More Than Decluttering
While the philosophy of minimalism is associated with decluttering, it has much wider application. For example, I call myself a “minimalist runner.” I typically run and hike barefoot. Often go shirtless. Frequently leave behind food and water and even bug spray. Sometimes grope through the darkness without lights. Or find my way through the tangled forest without using maps or GPS. In other words, I minimize use of technology, and maximize natural experience.
So in other words, minimalism is about making smarter trade-offs — not about asceticism or self-denial. Minimize X, to maximize Y. Of course, most decisions entail trade-offs – and one might wonder, why do we need another philosophy telling us this?
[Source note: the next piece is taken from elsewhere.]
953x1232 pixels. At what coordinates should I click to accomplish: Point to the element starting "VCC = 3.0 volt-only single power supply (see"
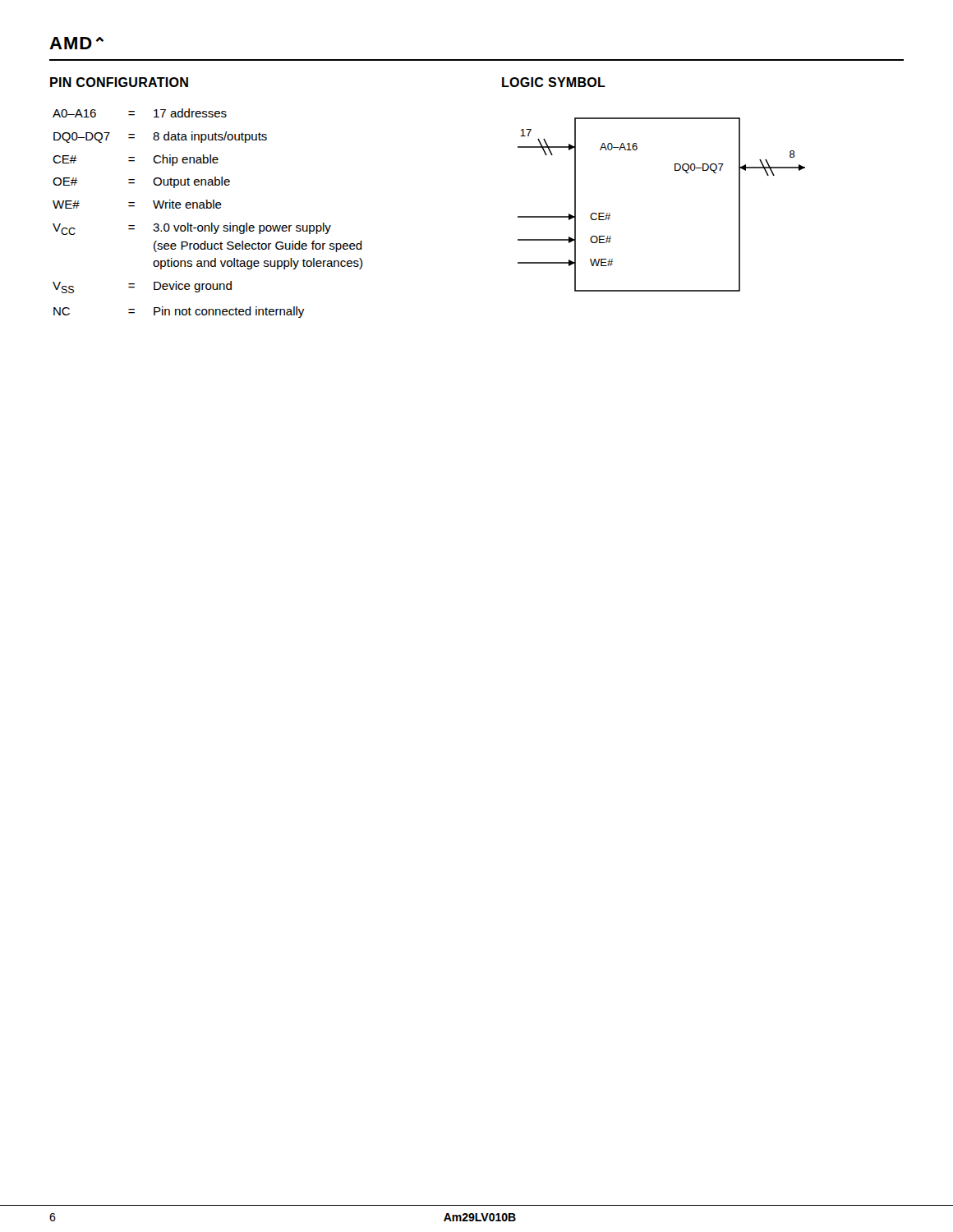coord(263,245)

But here’s the rub — when it comes to buying less stuff, you to need to have a backbone. You need to push back. Against the relentless pressure of corporate advertising. Against government propaganda. Against conformist ideology and conventional wisdom. In practice, minimalism requires a sense of skepticism. An attitude of self-reliance. The willingness to do without. You need to have the intestinal fortitude to say, “No!”
“No” to excessive consumer goods that get used briefly and then flung into closet/basement/garage. “No” to technology that’s clever but unnecessary. “No” to hyper-palatable industrial-processed foodstuffs. “No” to unproven medical procedures and toxic pharmaceuticals (unless there’s no better choice). No to beeps, pings, flashing lights, and other vectors of distraction. No to belief systems that divide, frighten, and anger, which we seem to get a lot of from organized religions, government bureaucracies, political parties, mainstream media, and social media as well. No to the Narrative of Perpetual Progress, as coined by Chris Ryan, which is the idea that the future will always be better, which is a way of justifying a present that seems like it’s getting worse. No to being gaslit.
Or you could be polite and say, “I prefer not to.”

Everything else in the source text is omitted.